*** DATA FOR ANALYSIS ***
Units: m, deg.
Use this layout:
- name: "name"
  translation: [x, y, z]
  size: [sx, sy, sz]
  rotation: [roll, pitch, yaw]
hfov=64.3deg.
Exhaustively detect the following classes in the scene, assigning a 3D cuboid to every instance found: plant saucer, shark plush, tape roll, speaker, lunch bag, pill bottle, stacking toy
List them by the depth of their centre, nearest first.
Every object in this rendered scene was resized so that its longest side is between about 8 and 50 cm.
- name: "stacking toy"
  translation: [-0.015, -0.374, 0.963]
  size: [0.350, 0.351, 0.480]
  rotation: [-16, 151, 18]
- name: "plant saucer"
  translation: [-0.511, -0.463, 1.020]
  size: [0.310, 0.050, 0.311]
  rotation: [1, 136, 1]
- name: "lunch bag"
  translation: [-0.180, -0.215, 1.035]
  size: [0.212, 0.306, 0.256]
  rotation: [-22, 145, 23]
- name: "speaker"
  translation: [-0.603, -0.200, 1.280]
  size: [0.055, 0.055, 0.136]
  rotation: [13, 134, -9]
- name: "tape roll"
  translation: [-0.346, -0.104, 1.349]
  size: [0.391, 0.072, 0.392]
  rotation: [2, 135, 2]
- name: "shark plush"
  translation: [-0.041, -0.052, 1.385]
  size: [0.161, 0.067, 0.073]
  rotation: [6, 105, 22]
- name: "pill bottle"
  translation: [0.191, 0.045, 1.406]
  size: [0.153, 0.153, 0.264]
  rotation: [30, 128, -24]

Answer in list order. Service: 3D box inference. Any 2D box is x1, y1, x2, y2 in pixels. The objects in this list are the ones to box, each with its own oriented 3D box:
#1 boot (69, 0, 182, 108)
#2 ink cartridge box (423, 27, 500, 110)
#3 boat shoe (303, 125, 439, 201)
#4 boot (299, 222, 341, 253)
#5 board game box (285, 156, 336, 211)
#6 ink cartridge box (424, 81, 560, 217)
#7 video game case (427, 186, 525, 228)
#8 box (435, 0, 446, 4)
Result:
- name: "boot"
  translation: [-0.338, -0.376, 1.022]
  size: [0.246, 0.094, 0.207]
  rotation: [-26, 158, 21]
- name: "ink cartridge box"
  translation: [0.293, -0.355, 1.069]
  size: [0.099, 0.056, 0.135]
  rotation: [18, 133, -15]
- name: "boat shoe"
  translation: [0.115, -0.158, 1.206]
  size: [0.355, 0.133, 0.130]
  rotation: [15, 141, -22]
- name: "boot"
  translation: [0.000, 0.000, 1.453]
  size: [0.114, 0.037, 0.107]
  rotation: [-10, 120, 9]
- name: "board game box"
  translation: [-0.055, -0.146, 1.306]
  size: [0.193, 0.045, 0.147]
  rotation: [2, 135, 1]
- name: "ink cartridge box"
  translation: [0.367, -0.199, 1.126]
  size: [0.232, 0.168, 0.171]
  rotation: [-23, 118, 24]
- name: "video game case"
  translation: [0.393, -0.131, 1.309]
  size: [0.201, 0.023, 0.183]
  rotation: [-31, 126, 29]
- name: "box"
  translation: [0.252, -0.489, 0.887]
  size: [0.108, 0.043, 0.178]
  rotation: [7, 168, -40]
*** End of DATA FOR ANALYSIS ***
REQUIRED ACTION:
In the entries above, restate word for word the lines between the one holding "translation: [x, y, z]" and the one holding "List them by", inclusive, and nothing besides.

EXPECTED ANSWER:
  translation: [x, y, z]
  size: [sx, sy, sz]
  rotation: [roll, pitch, yaw]
hfov=64.3deg.
Exhaustively detect the following classes in the scene, assigning a 3D cuboid to every instance found: plant saucer, shark plush, tape roll, speaker, lunch bag, pill bottle, stacking toy
List them by the depth of their centre, nearest first.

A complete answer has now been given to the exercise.